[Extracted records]
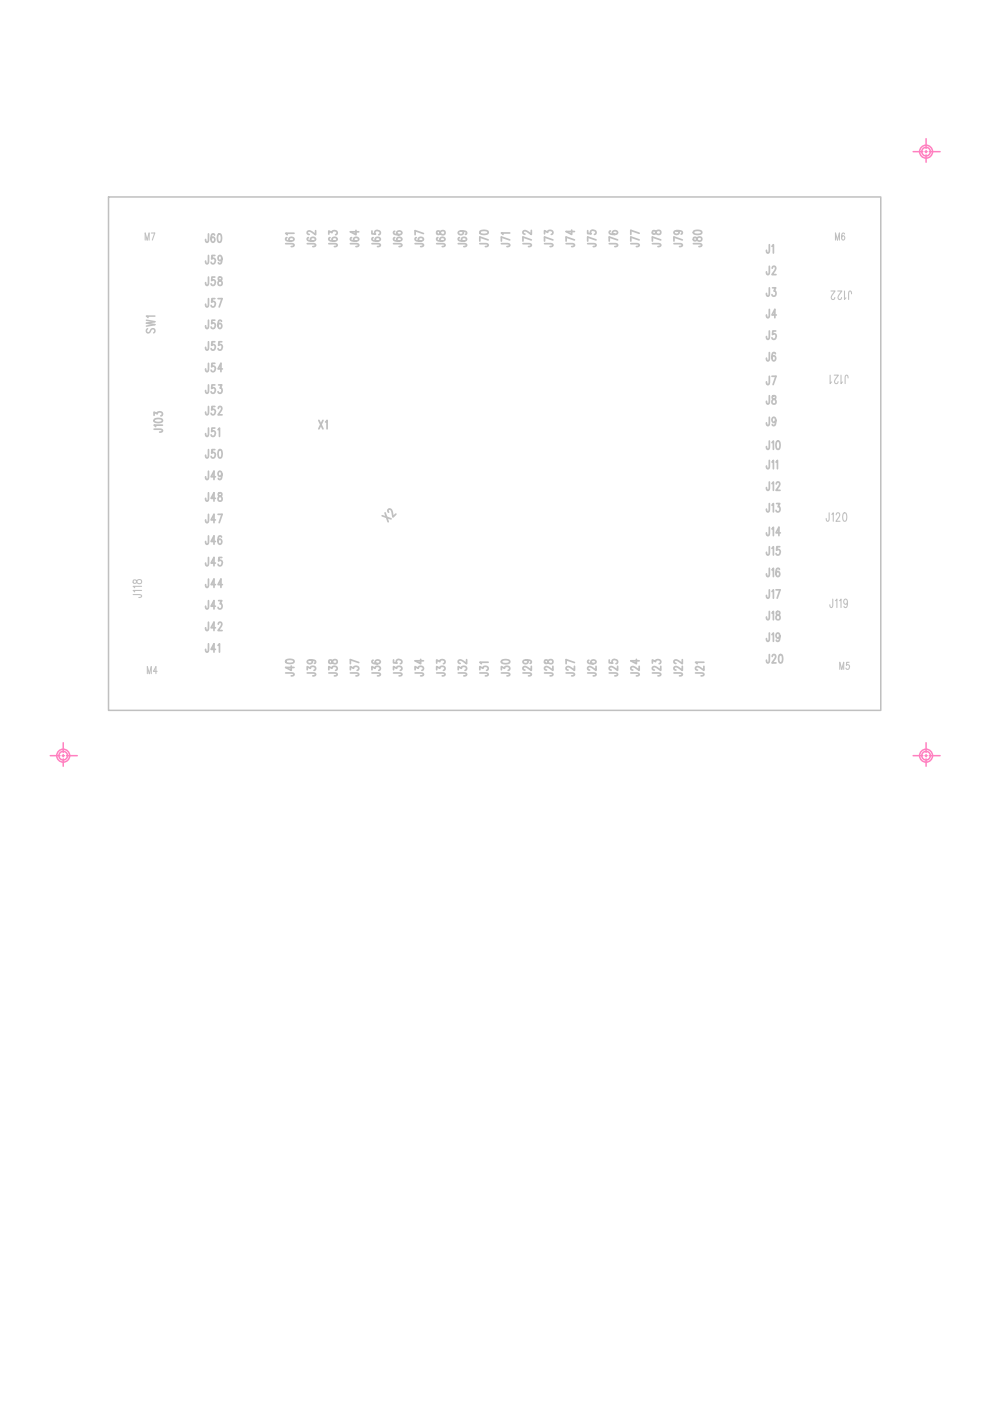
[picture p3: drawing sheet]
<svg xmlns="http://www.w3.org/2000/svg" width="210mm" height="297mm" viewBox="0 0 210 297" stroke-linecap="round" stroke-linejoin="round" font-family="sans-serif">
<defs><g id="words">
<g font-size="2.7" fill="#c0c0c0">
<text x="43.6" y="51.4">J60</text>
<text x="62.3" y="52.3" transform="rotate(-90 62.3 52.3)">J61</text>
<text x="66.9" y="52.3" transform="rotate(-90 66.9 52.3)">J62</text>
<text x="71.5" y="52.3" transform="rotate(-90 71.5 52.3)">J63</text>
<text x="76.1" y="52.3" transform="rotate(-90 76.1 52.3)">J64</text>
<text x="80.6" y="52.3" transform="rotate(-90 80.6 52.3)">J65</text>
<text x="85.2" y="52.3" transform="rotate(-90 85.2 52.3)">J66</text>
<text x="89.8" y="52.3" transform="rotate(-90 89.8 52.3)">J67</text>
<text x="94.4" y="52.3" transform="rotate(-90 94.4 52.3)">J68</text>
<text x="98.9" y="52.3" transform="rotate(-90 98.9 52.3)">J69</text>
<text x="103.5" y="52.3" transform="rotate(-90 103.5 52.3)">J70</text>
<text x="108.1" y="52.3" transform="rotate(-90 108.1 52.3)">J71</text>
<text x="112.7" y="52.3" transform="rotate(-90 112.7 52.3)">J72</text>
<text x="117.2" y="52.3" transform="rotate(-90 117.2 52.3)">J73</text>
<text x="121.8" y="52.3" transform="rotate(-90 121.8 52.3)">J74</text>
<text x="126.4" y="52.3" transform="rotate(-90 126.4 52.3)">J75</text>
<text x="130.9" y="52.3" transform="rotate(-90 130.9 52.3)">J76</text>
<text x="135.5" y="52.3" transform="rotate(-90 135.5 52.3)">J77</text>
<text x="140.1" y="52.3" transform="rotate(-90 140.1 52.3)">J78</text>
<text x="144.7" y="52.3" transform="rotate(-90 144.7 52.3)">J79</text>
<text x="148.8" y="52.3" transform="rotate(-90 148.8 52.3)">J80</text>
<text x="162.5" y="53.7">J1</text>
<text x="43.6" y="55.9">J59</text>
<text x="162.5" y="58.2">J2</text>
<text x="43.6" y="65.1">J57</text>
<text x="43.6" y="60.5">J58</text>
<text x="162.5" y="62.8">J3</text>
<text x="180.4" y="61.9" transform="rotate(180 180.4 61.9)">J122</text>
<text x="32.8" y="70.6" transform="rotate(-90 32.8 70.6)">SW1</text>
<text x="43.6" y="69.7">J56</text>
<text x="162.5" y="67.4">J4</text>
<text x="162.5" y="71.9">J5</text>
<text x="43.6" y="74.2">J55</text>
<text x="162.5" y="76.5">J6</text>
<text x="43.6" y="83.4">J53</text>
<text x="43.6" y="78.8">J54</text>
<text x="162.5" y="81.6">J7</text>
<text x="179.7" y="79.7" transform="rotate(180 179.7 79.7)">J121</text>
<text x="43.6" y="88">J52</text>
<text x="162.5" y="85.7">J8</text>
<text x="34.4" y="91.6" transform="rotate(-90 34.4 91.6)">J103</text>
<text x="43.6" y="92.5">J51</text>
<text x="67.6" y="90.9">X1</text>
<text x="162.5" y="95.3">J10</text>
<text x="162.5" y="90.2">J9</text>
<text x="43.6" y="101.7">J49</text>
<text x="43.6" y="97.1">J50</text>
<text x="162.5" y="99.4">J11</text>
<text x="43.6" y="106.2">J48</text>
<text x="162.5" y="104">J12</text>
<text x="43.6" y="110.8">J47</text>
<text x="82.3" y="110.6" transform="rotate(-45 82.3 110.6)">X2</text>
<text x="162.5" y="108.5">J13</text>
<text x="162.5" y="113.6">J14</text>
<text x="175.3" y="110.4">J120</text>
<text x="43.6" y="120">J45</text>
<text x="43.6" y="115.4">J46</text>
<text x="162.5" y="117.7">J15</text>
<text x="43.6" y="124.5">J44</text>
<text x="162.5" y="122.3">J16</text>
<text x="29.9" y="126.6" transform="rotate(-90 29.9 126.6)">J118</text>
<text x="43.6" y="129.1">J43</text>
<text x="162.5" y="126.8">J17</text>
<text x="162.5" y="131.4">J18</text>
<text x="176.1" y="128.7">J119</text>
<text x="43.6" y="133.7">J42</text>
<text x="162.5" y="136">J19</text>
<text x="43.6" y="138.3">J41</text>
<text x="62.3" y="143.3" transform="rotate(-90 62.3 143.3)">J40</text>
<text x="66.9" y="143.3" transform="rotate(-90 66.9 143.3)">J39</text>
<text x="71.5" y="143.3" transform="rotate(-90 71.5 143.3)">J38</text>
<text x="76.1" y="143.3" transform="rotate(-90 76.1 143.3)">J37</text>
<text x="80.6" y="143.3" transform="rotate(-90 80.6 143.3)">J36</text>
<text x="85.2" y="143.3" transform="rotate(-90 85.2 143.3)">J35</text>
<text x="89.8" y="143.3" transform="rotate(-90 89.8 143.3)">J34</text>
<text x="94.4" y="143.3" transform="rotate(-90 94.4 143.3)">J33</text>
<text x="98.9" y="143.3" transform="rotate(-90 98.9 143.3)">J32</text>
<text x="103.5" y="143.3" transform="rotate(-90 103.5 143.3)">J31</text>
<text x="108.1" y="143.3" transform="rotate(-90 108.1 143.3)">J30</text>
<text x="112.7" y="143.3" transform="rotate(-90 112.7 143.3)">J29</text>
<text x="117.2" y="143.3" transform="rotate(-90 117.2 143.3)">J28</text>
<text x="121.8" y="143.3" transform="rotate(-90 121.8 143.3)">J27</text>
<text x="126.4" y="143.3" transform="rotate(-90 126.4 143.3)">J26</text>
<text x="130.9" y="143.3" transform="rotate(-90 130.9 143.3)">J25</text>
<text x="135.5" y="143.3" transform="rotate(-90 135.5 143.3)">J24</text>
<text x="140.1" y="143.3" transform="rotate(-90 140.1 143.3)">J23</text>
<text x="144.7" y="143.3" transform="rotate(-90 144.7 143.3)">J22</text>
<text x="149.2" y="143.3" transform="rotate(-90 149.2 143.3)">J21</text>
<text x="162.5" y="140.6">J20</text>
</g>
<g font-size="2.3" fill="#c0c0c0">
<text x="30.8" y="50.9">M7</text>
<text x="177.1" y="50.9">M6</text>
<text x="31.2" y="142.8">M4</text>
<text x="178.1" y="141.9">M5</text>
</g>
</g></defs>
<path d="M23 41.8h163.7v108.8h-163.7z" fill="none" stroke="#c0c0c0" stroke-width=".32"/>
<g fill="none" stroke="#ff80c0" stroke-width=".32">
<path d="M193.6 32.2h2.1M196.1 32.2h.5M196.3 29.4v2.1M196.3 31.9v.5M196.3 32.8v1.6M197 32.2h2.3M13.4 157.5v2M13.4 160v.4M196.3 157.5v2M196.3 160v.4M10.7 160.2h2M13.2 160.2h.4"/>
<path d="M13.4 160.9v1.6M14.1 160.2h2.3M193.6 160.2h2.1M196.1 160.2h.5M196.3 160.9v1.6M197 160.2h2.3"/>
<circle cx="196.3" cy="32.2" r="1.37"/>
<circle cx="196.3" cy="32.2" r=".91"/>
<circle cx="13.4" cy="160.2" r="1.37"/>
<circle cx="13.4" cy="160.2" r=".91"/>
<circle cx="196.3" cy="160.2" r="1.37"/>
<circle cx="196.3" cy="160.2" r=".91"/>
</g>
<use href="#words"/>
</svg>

### [EXERCISE OBJECTIVE]
Once the images are removed, print the remaining data exactly as it appears above.

### [RESULT]
[picture p3: drawing sheet]
<svg xmlns="http://www.w3.org/2000/svg" width="210mm" height="297mm" viewBox="0 0 210 297" stroke-linecap="round" stroke-linejoin="round" font-family="sans-serif">
<defs><g id="words">
<g font-size="2.7" fill="#c0c0c0">
<text x="43.6" y="51.4">J60</text>
<text x="62.3" y="52.3" transform="rotate(-90 62.3 52.3)">J61</text>
<text x="66.9" y="52.3" transform="rotate(-90 66.9 52.3)">J62</text>
<text x="71.5" y="52.3" transform="rotate(-90 71.5 52.3)">J63</text>
<text x="76.1" y="52.3" transform="rotate(-90 76.1 52.3)">J64</text>
<text x="80.6" y="52.3" transform="rotate(-90 80.6 52.3)">J65</text>
<text x="85.2" y="52.3" transform="rotate(-90 85.2 52.3)">J66</text>
<text x="89.8" y="52.3" transform="rotate(-90 89.8 52.3)">J67</text>
<text x="94.4" y="52.3" transform="rotate(-90 94.4 52.3)">J68</text>
<text x="98.9" y="52.3" transform="rotate(-90 98.9 52.3)">J69</text>
<text x="103.5" y="52.3" transform="rotate(-90 103.5 52.3)">J70</text>
<text x="108.1" y="52.3" transform="rotate(-90 108.1 52.3)">J71</text>
<text x="112.7" y="52.3" transform="rotate(-90 112.7 52.3)">J72</text>
<text x="117.2" y="52.3" transform="rotate(-90 117.2 52.3)">J73</text>
<text x="121.8" y="52.3" transform="rotate(-90 121.8 52.3)">J74</text>
<text x="126.4" y="52.3" transform="rotate(-90 126.4 52.3)">J75</text>
<text x="130.9" y="52.3" transform="rotate(-90 130.9 52.3)">J76</text>
<text x="135.5" y="52.3" transform="rotate(-90 135.5 52.3)">J77</text>
<text x="140.1" y="52.3" transform="rotate(-90 140.1 52.3)">J78</text>
<text x="144.7" y="52.3" transform="rotate(-90 144.7 52.3)">J79</text>
<text x="148.8" y="52.3" transform="rotate(-90 148.8 52.3)">J80</text>
<text x="162.5" y="53.7">J1</text>
<text x="43.6" y="55.9">J59</text>
<text x="162.5" y="58.2">J2</text>
<text x="43.6" y="65.1">J57</text>
<text x="43.6" y="60.5">J58</text>
<text x="162.5" y="62.8">J3</text>
<text x="180.4" y="61.9" transform="rotate(180 180.4 61.9)">J122</text>
<text x="32.8" y="70.6" transform="rotate(-90 32.8 70.6)">SW1</text>
<text x="43.6" y="69.7">J56</text>
<text x="162.5" y="67.4">J4</text>
<text x="162.5" y="71.9">J5</text>
<text x="43.6" y="74.2">J55</text>
<text x="162.5" y="76.5">J6</text>
<text x="43.6" y="83.4">J53</text>
<text x="43.6" y="78.8">J54</text>
<text x="162.5" y="81.6">J7</text>
<text x="179.7" y="79.7" transform="rotate(180 179.7 79.7)">J121</text>
<text x="43.6" y="88">J52</text>
<text x="162.5" y="85.7">J8</text>
<text x="34.4" y="91.6" transform="rotate(-90 34.4 91.6)">J103</text>
<text x="43.6" y="92.5">J51</text>
<text x="67.6" y="90.9">X1</text>
<text x="162.5" y="95.3">J10</text>
<text x="162.5" y="90.2">J9</text>
<text x="43.6" y="101.7">J49</text>
<text x="43.6" y="97.1">J50</text>
<text x="162.5" y="99.4">J11</text>
<text x="43.6" y="106.2">J48</text>
<text x="162.5" y="104">J12</text>
<text x="43.6" y="110.8">J47</text>
<text x="82.3" y="110.6" transform="rotate(-45 82.3 110.6)">X2</text>
<text x="162.5" y="108.5">J13</text>
<text x="162.5" y="113.6">J14</text>
<text x="175.3" y="110.4">J120</text>
<text x="43.6" y="120">J45</text>
<text x="43.6" y="115.4">J46</text>
<text x="162.5" y="117.7">J15</text>
<text x="43.6" y="124.5">J44</text>
<text x="162.5" y="122.3">J16</text>
<text x="29.9" y="126.6" transform="rotate(-90 29.9 126.6)">J118</text>
<text x="43.6" y="129.1">J43</text>
<text x="162.5" y="126.8">J17</text>
<text x="162.5" y="131.4">J18</text>
<text x="176.1" y="128.7">J119</text>
<text x="43.6" y="133.7">J42</text>
<text x="162.5" y="136">J19</text>
<text x="43.6" y="138.3">J41</text>
<text x="62.3" y="143.3" transform="rotate(-90 62.3 143.3)">J40</text>
<text x="66.9" y="143.3" transform="rotate(-90 66.9 143.3)">J39</text>
<text x="71.5" y="143.3" transform="rotate(-90 71.5 143.3)">J38</text>
<text x="76.1" y="143.3" transform="rotate(-90 76.1 143.3)">J37</text>
<text x="80.6" y="143.3" transform="rotate(-90 80.6 143.3)">J36</text>
<text x="85.2" y="143.3" transform="rotate(-90 85.2 143.3)">J35</text>
<text x="89.8" y="143.3" transform="rotate(-90 89.8 143.3)">J34</text>
<text x="94.4" y="143.3" transform="rotate(-90 94.4 143.3)">J33</text>
<text x="98.9" y="143.3" transform="rotate(-90 98.9 143.3)">J32</text>
<text x="103.5" y="143.3" transform="rotate(-90 103.5 143.3)">J31</text>
<text x="108.1" y="143.3" transform="rotate(-90 108.1 143.3)">J30</text>
<text x="112.7" y="143.3" transform="rotate(-90 112.7 143.3)">J29</text>
<text x="117.2" y="143.3" transform="rotate(-90 117.2 143.3)">J28</text>
<text x="121.8" y="143.3" transform="rotate(-90 121.8 143.3)">J27</text>
<text x="126.4" y="143.3" transform="rotate(-90 126.4 143.3)">J26</text>
<text x="130.9" y="143.3" transform="rotate(-90 130.9 143.3)">J25</text>
<text x="135.5" y="143.3" transform="rotate(-90 135.5 143.3)">J24</text>
<text x="140.1" y="143.3" transform="rotate(-90 140.1 143.3)">J23</text>
<text x="144.7" y="143.3" transform="rotate(-90 144.7 143.3)">J22</text>
<text x="149.2" y="143.3" transform="rotate(-90 149.2 143.3)">J21</text>
<text x="162.5" y="140.6">J20</text>
</g>
<g font-size="2.3" fill="#c0c0c0">
<text x="30.8" y="50.9">M7</text>
<text x="177.1" y="50.9">M6</text>
<text x="31.2" y="142.8">M4</text>
<text x="178.1" y="141.9">M5</text>
</g>
</g></defs>
<path d="M23 41.8h163.7v108.8h-163.7z" fill="none" stroke="#c0c0c0" stroke-width=".32"/>
<g fill="none" stroke="#ff80c0" stroke-width=".32">
<path d="M193.6 32.2h2.1M196.1 32.2h.5M196.3 29.4v2.1M196.3 31.9v.5M196.3 32.8v1.6M197 32.2h2.3M13.4 157.5v2M13.4 160v.4M196.3 157.5v2M196.3 160v.4M10.7 160.2h2M13.2 160.2h.4"/>
<path d="M13.4 160.9v1.6M14.1 160.2h2.3M193.6 160.2h2.1M196.1 160.2h.5M196.3 160.9v1.6M197 160.2h2.3"/>
<circle cx="196.3" cy="32.2" r="1.37"/>
<circle cx="196.3" cy="32.2" r=".91"/>
<circle cx="13.4" cy="160.2" r="1.37"/>
<circle cx="13.4" cy="160.2" r=".91"/>
<circle cx="196.3" cy="160.2" r="1.37"/>
<circle cx="196.3" cy="160.2" r=".91"/>
</g>
<use href="#words"/>
</svg>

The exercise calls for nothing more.